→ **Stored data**
[Start of section]

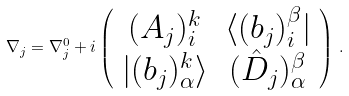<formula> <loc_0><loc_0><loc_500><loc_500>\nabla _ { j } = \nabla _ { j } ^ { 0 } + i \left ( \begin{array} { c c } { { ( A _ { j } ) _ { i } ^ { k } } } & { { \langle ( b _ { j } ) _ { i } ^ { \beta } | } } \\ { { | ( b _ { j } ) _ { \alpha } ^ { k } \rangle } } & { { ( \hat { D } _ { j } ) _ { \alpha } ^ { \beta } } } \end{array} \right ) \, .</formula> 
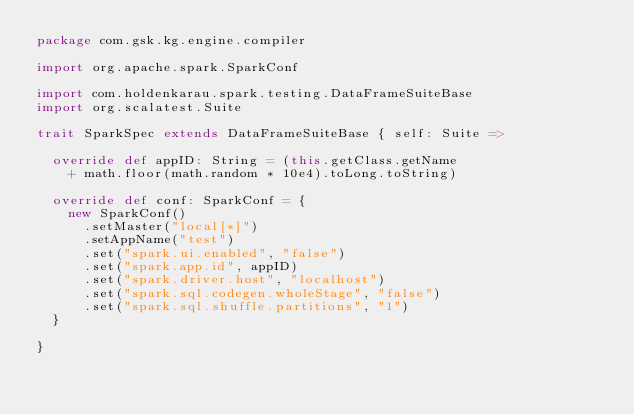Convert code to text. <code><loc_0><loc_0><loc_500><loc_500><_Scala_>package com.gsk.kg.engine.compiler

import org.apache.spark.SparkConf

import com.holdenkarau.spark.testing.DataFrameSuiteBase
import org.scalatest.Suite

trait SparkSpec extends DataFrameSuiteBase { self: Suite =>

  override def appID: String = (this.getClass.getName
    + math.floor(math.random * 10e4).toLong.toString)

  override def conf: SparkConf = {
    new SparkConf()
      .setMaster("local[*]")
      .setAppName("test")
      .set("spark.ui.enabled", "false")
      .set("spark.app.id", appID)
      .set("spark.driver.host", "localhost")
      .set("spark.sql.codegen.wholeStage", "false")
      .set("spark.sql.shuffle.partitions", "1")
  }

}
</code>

[End of section]

→ **Task objective**
Every entry above should be duplicated exactly. Do not include the images.

→ **Output of the task**
<formula> <loc_0><loc_0><loc_500><loc_500>\nabla _ { j } = \nabla _ { j } ^ { 0 } + i \left ( \begin{array} { c c } { { ( A _ { j } ) _ { i } ^ { k } } } & { { \langle ( b _ { j } ) _ { i } ^ { \beta } | } } \\ { { | ( b _ { j } ) _ { \alpha } ^ { k } \rangle } } & { { ( \hat { D } _ { j } ) _ { \alpha } ^ { \beta } } } \end{array} \right ) \, .</formula> 
Convert code to text. <code><loc_0><loc_0><loc_500><loc_500><_Scala_>package com.gsk.kg.engine.compiler

import org.apache.spark.SparkConf

import com.holdenkarau.spark.testing.DataFrameSuiteBase
import org.scalatest.Suite

trait SparkSpec extends DataFrameSuiteBase { self: Suite =>

  override def appID: String = (this.getClass.getName
    + math.floor(math.random * 10e4).toLong.toString)

  override def conf: SparkConf = {
    new SparkConf()
      .setMaster("local[*]")
      .setAppName("test")
      .set("spark.ui.enabled", "false")
      .set("spark.app.id", appID)
      .set("spark.driver.host", "localhost")
      .set("spark.sql.codegen.wholeStage", "false")
      .set("spark.sql.shuffle.partitions", "1")
  }

}
</code>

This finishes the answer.